Nina Pham was diagnosed Oct. 11, just three days after Duncan died from the disease. She was flown Thursday night to the National Institutes of Health hospital in Bethesda, Maryland, after delivering an upbeat but tearful greeting via video.
Pham and Vinson were among nearly 100 workers who cared for Duncan in the Dallas hospital. Psaki said that as part of the CDC’s contract trace investigation, it was discovered that another employee of the Dallas hospital had left the country on a cruise ship.
Duncan died at the Dallas hospital Oct. 8. It’s not certain what kind of lab specimen the hospital worker may have handled. Ebola is transmitted through bodily fluids such as vomit, urine, saliva, sweat, feces, breast milk and semen. And it’s not clear what, if any, protective gear he or she was wearing at the time of contact.

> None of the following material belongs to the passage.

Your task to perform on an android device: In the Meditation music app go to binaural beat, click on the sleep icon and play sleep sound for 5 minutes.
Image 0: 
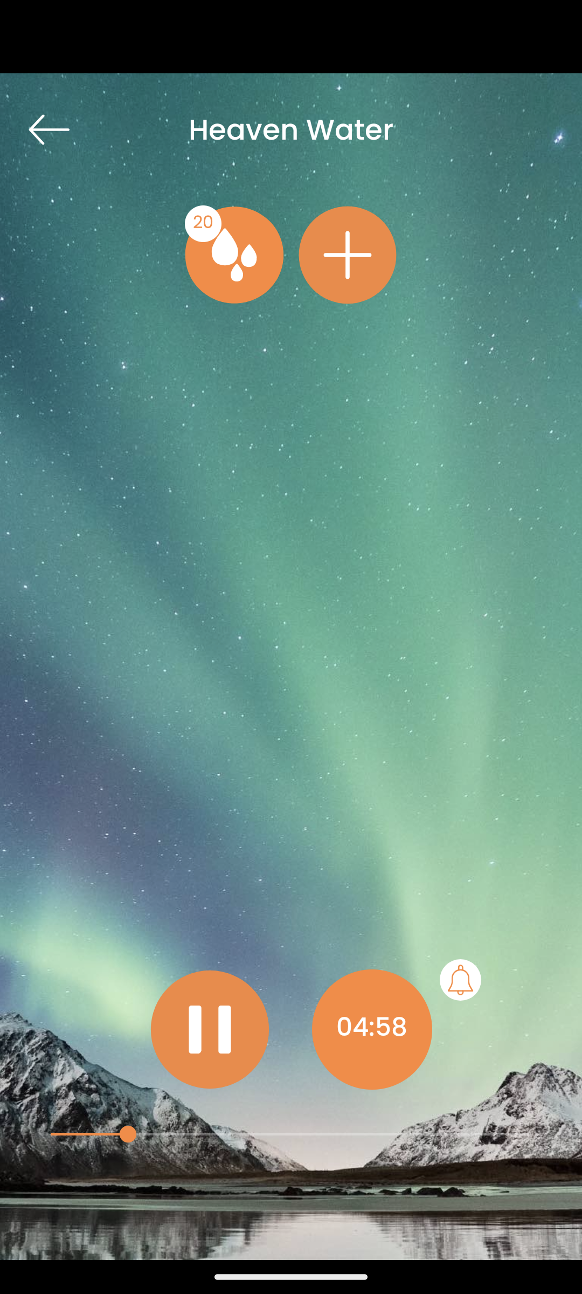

As for the worker on the ship, the State Department said that at the time she boarded, CDC protocol called for “self-monitoring,” including daily temperature checks.
“It has been 19 days since the passenger may have processed” Duncan’s fluid samples, State Department spokeswoman Jen Psaki said in a statement early Friday morning. “The cruise line has actively supported CDC’s efforts to speak with the individual, whom the cruise ship’s medical doctor has monitored and confirmed was in good health. Following this examination, the hospital employee and traveling partner have voluntarily remained isolated in a cabin.”
On Thursday, Daniel Varga, the chief clinical officer for Texas Health Resources, which oversees Texas Health Presbyterian Hospital, said in a statement submitted to a congressional committee that, “Today, every person at Texas Health Dallas who has had contact with a known Ebola patient is under active monitoring for 21 days after their last contact with the patient.”
Reports from news outlets in Belize stated that the cruise ship Carnival Magic was offshore after the government of Belize learned that a U.S. hospital worker on board may have been exposed to Ebola and that the Belize Coast Guard was deployed to prevent the ship from going into port. The government there said the health-care professional “never set foot in Belize.”
A Carnival spokeswoman, however, said the ship made its scheduled visit to Belize Thursday. “Passengers were free to disembark there for the day other than the guest and her traveling companion who are in voluntary isolation,” she said.
In its own statement Thursday, the government of Belize said it “was contacted today by officers of the U.S. Government and made aware of a cruise ship passenger considered of very low risk for Ebola. … Nonetheless, out of an abundance of caution, the Government of Belize decided not to facilitate a U.S. request for assistance in evacuating the passenger through the Phillip Goldson International Airport.”
While the Carnival Magic didn’t dock in Mexico, some passengers aboard are still trying to enjoy their vacations, as shown by tweets from Eric Lupher, a reporter with Denver ABC affiliate KMGH who is also aboard the ship:
#ebola scare on my vacay. Still a party on the ship though we weren’t allowed to get off in Cozumel.